Milestone for Nordic-Baltic e-ID

07.02.19 | News
Person ved en computer
Photographer
Ali Yahya on Unsplash
In a couple of years, Nordic and Baltic citizens will be able to use their national electronic IDs to access public services when they move to, work in or study in any other country in the region. This seamless digital integration will have an even greater impact on mobility than the groundbreaking Nordic Passport Union did in 1952.

The technical side has been tested and works. Public services are starting to sign up. Sweden, Norway and Latvia have lead the way, opening up their digital services to users with an Estonian eID. Norway was first to launch an actual service – allowing Estonian students to log into Studentweb and apply for places at Norwegian colleges and universities.
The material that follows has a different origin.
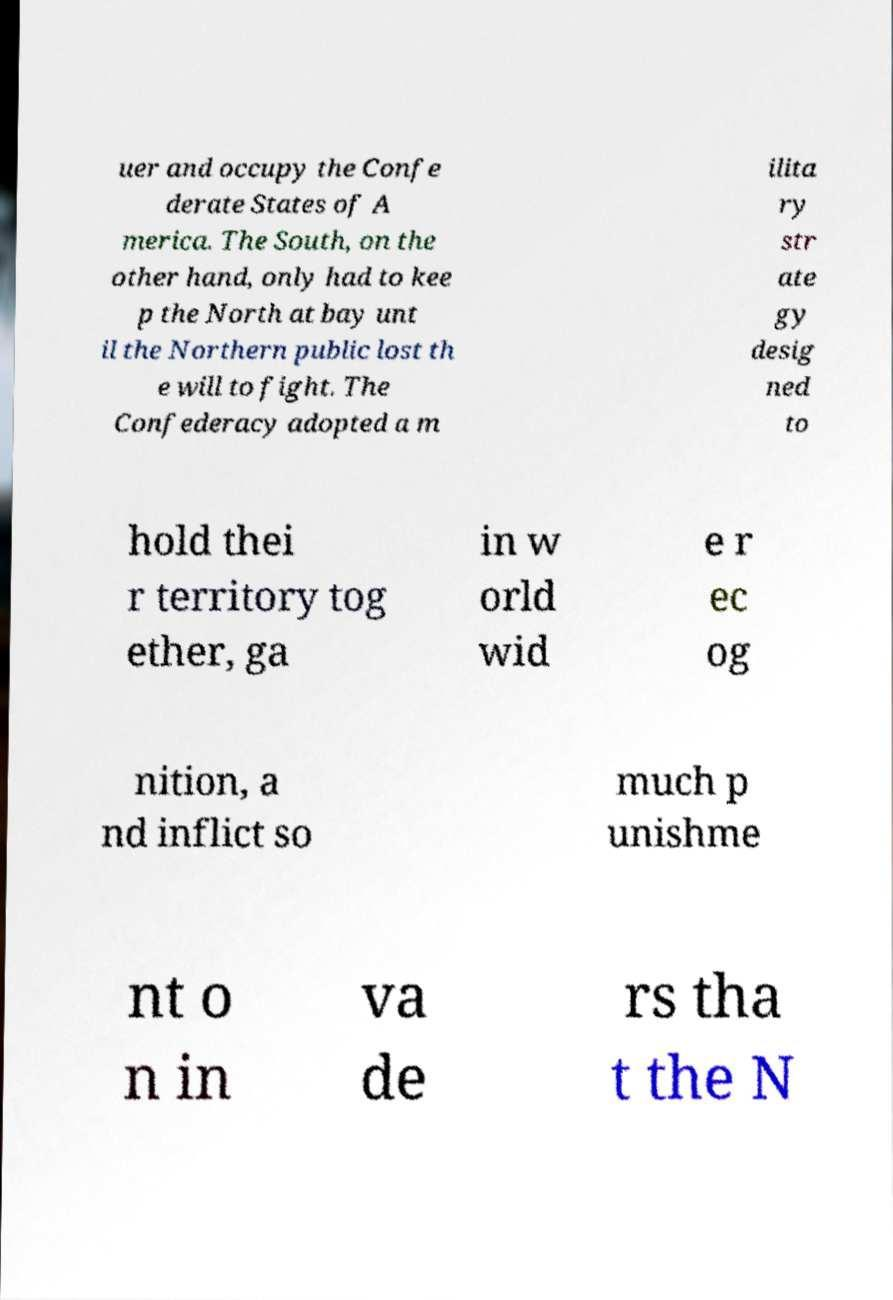Could you assist in decoding the text presented in this image and type it out clearly? uer and occupy the Confe derate States of A merica. The South, on the other hand, only had to kee p the North at bay unt il the Northern public lost th e will to fight. The Confederacy adopted a m ilita ry str ate gy desig ned to hold thei r territory tog ether, ga in w orld wid e r ec og nition, a nd inflict so much p unishme nt o n in va de rs tha t the N 
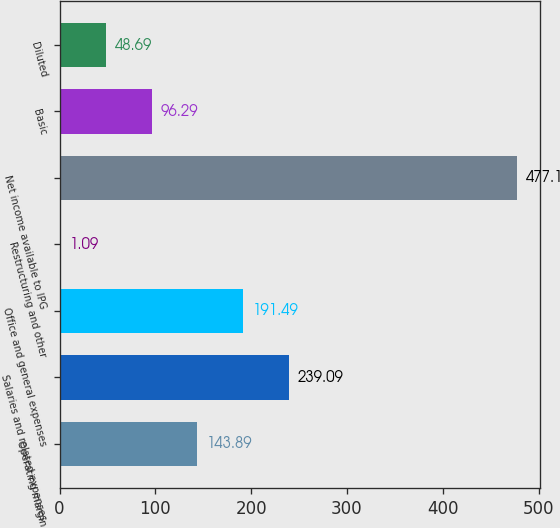Convert chart. <chart><loc_0><loc_0><loc_500><loc_500><bar_chart><fcel>Operating margin<fcel>Salaries and related expenses<fcel>Office and general expenses<fcel>Restructuring and other<fcel>Net income available to IPG<fcel>Basic<fcel>Diluted<nl><fcel>143.89<fcel>239.09<fcel>191.49<fcel>1.09<fcel>477.1<fcel>96.29<fcel>48.69<nl></chart>

The target is for citizens of the eight countries to be able use their national e-ID for almost all public services in all of the Nordic and Baltic countries within the next couple of years. The work has progressed at an impressive pace, as befits a digital project. The Nordic Council of Ministers was asked to coordinate work on digitalisation in the eight countries in 2018 and the Ministers for Nordic Co-operation expressed a clear expectation of progress and success.

The technical side is not complicated. Much of it is ready. The real work lies in getting all of the official bodies in the various countries to join in and open up their services. Our job is to turn the political vision into a reality. We are completely dependent on political will and action.
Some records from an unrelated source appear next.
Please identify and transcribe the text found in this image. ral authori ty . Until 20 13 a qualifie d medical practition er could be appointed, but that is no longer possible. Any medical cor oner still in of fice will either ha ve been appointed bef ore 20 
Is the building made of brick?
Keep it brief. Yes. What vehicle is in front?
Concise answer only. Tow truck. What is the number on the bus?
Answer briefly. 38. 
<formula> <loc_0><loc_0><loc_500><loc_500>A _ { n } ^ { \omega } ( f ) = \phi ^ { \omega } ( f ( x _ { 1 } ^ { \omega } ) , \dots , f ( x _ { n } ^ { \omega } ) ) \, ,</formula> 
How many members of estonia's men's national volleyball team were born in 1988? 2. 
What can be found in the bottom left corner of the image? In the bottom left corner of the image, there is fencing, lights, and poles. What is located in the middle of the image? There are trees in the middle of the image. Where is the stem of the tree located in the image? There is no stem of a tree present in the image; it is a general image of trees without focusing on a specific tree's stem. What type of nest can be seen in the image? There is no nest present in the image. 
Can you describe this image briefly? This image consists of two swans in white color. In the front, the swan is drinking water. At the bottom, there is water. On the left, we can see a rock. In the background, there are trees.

Tor Alvik, Project Manager, NOBID

What next?

The Nordic-Baltic work on e-ID, NOBID, is being coordinated by the Agency for Public Management and eGovernment in Norway (Difi). The main objective is to link up the eID systems of the eight different countries so that, for example, Estonians can access Swedish services with their national e-ID.

The three-step process involves making the technical infrastructures of the eight countries compatible with each other, agreeing which national e-IDs to allow in other countries and then making actual services available. The process may entail adaptations to systems at national level.

The type of services covered will include company registration, exchanging depositions, the tax authorities and health services. Project Manager at Difi, Tor Alvik, is pleased with progress but stresses that the real work starts now.

“The technical side is not complicated. Much of it is ready. The real work lies in getting all of the official bodies in the various countries to join in and open up their services. Our job is to turn the political vision into a reality. We are completely dependent on political will and action,” he says.

NOBID would like all public services to be accessible by the end of 2020 but responsibility for this lies with the national governments.